Yes , your true self "ATMA" the non existed one. The consciousness behind your physical body and your mind - The Awareful Witness - the one who is real you but not existed in this physical world. 🕉
As I sat in Biloxi, Mississippi, I found this album. And, in that moment, this song introduced me to Anne Rice and "Interview with the Vampire. " Yesssss...
As a fan of Anne Rice's Vampire Chronicles i gotta say I LOVE this song, since the first time i heard it (without have confirmed it was based on Anne's books) i knew it was about Anne's vampires. My favorites books!
@striva Anne wrote 10 books and together they are Vampire Chronicles and one of them is "Interview with the vampire" but this song was inspired by "The vampire Lestat", another book of The Chronicles, but it doesn't have movie like Interview...
when this song was released I was 15 and I knew this life of the song. It could be a vampire singing, yes. But to me it was anyone who is bound and drawn to a life that, before it is even lived, in his heart he's knowing, is destined to be... unusual. Yet, you go. Don't you... Yes. You do.

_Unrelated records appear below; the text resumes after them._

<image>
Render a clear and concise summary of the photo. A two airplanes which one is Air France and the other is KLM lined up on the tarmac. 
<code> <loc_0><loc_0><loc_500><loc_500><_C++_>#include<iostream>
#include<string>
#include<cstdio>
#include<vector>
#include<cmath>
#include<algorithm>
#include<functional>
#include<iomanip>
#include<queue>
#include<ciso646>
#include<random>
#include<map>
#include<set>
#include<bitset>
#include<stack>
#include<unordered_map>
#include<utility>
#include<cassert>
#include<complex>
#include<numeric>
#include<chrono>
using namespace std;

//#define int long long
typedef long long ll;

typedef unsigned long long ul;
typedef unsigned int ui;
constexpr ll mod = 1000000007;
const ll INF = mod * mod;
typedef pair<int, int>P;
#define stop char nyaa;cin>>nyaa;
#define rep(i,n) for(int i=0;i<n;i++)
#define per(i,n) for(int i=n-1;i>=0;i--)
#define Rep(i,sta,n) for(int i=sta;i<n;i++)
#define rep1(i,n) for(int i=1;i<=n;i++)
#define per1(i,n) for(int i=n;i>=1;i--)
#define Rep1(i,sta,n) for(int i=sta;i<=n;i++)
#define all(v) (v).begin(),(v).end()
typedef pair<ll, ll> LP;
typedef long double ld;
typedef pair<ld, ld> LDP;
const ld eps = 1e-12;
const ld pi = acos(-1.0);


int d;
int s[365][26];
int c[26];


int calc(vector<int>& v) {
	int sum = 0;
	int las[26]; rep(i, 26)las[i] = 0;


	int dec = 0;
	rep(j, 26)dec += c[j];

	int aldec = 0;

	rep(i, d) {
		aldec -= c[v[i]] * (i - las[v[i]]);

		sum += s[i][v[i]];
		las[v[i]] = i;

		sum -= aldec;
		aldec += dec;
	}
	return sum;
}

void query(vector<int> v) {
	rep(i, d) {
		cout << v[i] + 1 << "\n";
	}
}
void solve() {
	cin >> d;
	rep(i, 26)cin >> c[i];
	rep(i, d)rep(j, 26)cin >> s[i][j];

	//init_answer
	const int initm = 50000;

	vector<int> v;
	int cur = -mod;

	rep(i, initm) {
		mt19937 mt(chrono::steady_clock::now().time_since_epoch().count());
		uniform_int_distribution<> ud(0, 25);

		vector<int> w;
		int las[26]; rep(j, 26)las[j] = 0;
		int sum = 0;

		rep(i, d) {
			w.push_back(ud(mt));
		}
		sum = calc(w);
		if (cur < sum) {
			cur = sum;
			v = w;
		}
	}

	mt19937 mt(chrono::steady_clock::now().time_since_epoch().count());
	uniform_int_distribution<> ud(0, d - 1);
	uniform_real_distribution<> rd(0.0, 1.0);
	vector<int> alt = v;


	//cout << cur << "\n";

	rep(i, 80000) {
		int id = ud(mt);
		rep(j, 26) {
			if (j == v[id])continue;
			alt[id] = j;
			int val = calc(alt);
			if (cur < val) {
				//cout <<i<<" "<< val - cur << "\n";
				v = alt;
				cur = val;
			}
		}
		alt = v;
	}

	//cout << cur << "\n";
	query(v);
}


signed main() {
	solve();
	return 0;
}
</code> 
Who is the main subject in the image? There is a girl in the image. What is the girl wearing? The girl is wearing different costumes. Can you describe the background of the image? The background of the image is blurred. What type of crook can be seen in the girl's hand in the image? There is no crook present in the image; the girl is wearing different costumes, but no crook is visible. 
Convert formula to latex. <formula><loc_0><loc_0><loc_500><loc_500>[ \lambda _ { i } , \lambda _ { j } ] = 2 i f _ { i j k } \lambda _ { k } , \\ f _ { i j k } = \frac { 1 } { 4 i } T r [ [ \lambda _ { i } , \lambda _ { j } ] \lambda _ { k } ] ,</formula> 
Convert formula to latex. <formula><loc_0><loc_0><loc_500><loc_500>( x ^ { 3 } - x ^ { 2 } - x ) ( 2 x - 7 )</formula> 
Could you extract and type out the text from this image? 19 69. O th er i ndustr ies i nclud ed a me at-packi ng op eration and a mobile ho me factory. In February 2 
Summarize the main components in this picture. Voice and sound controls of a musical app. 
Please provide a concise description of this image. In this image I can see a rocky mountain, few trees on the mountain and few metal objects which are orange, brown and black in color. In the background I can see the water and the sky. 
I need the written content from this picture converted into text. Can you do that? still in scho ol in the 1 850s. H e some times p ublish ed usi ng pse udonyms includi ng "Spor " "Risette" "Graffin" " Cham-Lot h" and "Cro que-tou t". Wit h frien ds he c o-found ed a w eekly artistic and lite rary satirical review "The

Most of you should know this song is not about vampires but a werewolf. Just because it is set in New Orleans and at this present time(2011) vampires are all the rage, this particular song is about a werewolf!
For all my years playing shows all over the south including many parts of LA, the one time I've gotten to go to Bourbon Street was on my honeymoon with my ex wife. She was from there originally, and we spent a few days at the Hyatt on the corner of Bourbon and Canal. The honeymoon was the best part of the whole marriage.
It's not about a werewolf, honey. The liner notes from "Dream of the Blue Turtles" clearly say that Sting wrote it after reading "Interview With The Vampire" when it was a new book, long before it was a movie.